> **TASK OBJECTIVE**
In the entries that follow, find each line with the word "below" and copy it.

Items from a data source:

# # # # # # #

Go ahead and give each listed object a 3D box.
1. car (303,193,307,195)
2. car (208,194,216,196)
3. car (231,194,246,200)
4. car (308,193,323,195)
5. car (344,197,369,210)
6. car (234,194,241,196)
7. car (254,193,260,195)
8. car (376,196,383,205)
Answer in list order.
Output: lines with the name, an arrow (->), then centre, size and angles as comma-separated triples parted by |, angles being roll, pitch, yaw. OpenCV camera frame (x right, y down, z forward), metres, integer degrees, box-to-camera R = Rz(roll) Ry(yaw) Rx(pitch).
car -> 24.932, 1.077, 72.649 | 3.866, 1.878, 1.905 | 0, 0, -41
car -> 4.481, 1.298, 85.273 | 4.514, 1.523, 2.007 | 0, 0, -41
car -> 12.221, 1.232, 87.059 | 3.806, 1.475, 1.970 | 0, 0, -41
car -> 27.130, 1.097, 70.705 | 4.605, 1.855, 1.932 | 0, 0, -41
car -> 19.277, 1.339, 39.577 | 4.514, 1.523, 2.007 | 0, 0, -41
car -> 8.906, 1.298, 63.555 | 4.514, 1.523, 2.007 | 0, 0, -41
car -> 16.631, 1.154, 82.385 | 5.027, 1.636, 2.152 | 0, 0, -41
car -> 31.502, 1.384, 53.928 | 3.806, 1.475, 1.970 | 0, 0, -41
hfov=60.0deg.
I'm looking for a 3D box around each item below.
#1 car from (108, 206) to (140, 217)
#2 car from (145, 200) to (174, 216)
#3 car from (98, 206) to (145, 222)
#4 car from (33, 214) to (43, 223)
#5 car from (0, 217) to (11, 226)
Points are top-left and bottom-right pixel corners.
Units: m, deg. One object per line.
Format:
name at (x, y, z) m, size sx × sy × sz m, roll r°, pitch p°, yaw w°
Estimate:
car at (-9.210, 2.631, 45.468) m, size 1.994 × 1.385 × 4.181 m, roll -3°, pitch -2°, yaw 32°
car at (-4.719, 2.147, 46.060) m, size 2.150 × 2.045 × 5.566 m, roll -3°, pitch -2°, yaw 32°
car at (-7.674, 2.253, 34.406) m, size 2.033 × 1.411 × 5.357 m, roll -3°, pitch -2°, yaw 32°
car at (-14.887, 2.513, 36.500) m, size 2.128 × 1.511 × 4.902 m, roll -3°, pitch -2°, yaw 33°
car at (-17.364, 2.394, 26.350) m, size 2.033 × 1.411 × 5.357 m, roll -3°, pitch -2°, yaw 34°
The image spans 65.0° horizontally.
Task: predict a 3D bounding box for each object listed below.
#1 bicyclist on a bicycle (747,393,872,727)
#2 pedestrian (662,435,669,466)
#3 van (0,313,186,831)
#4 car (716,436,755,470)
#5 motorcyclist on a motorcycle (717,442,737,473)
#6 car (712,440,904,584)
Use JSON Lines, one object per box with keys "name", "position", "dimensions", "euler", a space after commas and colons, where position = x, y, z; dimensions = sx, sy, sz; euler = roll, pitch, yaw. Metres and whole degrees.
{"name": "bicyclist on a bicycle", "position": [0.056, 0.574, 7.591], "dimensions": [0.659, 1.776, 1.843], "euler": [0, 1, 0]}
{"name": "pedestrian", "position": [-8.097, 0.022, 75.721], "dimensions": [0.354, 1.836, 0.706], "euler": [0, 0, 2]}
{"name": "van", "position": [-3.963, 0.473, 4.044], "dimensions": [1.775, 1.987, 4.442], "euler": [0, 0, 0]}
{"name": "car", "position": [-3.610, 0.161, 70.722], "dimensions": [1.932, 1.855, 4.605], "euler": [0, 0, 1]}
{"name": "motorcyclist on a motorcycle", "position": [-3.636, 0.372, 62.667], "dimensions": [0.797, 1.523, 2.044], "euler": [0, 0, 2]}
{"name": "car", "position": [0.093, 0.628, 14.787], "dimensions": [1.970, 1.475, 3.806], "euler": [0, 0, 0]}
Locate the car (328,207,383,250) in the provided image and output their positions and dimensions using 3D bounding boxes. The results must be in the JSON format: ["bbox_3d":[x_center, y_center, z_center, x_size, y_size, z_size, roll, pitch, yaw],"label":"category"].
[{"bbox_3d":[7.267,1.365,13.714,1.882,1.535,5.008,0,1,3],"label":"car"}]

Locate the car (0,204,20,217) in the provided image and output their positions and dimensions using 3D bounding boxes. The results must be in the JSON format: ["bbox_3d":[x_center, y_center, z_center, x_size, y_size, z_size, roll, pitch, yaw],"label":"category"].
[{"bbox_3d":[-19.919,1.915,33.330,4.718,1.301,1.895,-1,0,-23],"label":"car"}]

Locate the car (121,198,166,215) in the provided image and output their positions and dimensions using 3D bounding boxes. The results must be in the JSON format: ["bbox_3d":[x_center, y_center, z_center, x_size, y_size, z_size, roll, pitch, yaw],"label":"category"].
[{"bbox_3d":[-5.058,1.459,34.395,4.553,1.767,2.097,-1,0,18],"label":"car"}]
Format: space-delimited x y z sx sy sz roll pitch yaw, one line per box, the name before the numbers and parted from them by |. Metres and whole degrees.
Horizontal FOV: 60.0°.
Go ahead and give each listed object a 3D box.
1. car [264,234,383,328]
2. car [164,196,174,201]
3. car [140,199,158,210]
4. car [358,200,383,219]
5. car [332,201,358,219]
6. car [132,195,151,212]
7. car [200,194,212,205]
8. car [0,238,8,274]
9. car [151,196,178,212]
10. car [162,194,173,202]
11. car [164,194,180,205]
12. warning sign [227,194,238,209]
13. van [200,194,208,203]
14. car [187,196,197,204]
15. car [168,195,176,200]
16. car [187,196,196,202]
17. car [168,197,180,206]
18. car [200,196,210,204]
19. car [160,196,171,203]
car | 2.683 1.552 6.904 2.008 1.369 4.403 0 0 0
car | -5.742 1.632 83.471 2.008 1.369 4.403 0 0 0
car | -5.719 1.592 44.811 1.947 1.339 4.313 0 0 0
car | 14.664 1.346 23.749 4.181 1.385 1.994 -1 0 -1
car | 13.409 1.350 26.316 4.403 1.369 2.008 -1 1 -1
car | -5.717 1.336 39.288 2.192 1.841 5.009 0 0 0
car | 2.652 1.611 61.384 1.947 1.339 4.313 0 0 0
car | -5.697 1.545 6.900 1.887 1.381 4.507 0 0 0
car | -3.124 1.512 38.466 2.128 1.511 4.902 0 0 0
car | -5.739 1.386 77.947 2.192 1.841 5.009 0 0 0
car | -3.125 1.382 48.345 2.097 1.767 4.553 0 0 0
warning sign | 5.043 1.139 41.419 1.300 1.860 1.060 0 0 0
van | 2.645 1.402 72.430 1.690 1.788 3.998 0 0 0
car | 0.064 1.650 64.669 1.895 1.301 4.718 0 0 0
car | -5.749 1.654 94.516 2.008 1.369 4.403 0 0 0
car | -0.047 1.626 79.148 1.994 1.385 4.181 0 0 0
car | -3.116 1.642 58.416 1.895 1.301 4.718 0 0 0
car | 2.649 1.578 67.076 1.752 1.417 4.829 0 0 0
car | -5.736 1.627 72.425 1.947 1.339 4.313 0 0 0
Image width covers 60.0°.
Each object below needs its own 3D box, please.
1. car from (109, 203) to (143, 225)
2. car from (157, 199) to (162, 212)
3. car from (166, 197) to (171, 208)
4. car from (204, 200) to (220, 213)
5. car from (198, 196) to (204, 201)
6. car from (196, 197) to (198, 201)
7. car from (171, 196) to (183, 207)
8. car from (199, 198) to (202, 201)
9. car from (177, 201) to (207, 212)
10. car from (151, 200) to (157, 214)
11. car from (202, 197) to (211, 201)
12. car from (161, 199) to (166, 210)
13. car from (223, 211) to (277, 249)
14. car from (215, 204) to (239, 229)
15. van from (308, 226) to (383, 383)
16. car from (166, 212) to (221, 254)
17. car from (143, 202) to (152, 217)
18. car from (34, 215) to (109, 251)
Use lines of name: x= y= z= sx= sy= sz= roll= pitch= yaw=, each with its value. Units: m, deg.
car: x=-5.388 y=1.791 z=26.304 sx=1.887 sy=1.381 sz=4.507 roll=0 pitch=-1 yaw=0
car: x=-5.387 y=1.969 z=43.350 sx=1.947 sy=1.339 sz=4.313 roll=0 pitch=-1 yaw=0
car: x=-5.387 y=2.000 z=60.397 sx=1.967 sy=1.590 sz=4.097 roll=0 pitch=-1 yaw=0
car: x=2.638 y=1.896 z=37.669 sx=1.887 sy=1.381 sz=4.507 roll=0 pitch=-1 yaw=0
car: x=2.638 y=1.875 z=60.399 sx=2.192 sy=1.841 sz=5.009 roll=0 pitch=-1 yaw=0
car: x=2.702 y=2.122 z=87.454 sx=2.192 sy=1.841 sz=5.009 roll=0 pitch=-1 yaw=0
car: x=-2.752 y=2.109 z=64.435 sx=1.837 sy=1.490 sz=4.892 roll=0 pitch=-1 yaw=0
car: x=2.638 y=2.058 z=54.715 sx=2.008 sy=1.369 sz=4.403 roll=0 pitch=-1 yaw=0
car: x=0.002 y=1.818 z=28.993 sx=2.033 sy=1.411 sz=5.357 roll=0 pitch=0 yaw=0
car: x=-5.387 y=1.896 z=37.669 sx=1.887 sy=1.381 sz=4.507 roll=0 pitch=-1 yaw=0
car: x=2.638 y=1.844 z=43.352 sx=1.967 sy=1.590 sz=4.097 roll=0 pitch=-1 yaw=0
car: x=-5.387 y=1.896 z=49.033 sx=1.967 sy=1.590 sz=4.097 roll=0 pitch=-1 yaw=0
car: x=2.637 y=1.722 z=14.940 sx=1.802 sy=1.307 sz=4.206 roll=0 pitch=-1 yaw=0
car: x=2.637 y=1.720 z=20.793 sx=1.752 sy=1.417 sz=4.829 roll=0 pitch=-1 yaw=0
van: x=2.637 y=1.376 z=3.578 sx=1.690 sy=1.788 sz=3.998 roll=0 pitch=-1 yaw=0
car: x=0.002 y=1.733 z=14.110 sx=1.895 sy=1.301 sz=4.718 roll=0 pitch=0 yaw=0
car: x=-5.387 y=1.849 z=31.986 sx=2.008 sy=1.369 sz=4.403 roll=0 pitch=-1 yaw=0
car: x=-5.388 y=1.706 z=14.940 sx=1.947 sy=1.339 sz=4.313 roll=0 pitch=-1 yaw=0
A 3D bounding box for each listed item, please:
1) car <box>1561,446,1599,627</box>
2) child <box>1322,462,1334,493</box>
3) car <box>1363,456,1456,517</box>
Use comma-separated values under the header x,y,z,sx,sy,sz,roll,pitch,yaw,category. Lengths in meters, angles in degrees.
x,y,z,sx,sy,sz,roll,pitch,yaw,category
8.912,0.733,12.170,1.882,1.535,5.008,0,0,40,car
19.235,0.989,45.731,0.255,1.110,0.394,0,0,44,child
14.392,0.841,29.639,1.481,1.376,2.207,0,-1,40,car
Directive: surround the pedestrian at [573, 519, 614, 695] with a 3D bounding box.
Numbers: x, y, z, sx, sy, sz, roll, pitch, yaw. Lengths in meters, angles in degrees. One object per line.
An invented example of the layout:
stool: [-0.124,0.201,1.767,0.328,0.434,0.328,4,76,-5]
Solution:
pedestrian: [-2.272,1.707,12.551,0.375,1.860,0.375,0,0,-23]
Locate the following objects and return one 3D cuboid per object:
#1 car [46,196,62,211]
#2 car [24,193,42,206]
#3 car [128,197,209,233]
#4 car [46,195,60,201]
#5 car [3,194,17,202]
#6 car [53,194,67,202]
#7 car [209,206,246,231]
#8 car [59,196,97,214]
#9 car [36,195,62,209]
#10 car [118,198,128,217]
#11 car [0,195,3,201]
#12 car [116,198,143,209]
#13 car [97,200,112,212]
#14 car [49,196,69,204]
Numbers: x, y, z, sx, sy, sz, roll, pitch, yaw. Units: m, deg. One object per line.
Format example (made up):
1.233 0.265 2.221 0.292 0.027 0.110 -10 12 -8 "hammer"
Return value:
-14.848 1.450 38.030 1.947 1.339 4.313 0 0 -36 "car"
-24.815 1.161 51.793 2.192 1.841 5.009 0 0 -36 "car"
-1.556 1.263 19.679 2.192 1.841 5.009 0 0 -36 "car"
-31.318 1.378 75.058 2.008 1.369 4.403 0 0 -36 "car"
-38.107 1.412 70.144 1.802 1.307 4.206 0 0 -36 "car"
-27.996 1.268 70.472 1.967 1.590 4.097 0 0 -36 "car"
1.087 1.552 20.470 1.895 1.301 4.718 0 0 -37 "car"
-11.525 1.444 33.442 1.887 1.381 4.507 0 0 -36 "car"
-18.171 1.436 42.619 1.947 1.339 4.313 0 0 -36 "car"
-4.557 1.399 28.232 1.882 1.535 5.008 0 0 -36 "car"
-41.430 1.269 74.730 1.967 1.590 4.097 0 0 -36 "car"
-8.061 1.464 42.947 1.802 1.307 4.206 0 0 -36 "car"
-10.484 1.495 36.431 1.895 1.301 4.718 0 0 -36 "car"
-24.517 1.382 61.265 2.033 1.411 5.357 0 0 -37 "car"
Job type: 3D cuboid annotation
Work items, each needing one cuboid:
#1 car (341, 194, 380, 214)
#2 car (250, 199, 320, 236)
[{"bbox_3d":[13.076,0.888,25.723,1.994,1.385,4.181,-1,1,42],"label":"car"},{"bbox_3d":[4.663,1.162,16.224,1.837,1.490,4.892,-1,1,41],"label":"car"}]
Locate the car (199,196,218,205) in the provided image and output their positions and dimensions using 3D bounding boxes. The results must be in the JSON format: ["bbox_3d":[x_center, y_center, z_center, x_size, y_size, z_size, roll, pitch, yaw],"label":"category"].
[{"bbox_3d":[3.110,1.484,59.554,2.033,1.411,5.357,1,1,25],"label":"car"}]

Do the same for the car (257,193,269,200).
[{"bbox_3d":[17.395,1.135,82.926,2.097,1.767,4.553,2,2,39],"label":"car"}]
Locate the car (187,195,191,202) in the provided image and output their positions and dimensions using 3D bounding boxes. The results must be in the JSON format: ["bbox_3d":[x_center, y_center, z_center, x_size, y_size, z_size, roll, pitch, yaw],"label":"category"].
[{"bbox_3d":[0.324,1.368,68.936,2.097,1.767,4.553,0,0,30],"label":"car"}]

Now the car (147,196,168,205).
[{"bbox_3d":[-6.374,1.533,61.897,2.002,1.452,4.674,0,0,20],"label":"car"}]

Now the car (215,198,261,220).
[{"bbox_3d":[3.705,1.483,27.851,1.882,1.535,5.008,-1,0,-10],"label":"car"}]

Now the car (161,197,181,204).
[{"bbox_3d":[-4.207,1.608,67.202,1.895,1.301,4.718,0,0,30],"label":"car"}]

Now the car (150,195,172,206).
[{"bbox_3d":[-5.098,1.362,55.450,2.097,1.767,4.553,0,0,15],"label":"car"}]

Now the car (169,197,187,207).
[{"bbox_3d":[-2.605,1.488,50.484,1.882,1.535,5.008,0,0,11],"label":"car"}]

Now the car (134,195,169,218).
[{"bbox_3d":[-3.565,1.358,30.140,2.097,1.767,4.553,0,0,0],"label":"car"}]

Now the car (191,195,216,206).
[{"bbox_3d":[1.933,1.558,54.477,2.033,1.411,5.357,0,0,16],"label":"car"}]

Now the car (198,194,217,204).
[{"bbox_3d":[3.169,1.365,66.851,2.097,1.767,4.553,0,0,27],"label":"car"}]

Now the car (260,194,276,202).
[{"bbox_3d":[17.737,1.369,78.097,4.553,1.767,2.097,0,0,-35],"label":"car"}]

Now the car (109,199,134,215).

# # # # # # #

> **ANSWER AREA**
I'm looking for a 3D box around each item below.
Task: predict a 3D bounding box for each object listed below.
Each object below needs its own 3D box, please.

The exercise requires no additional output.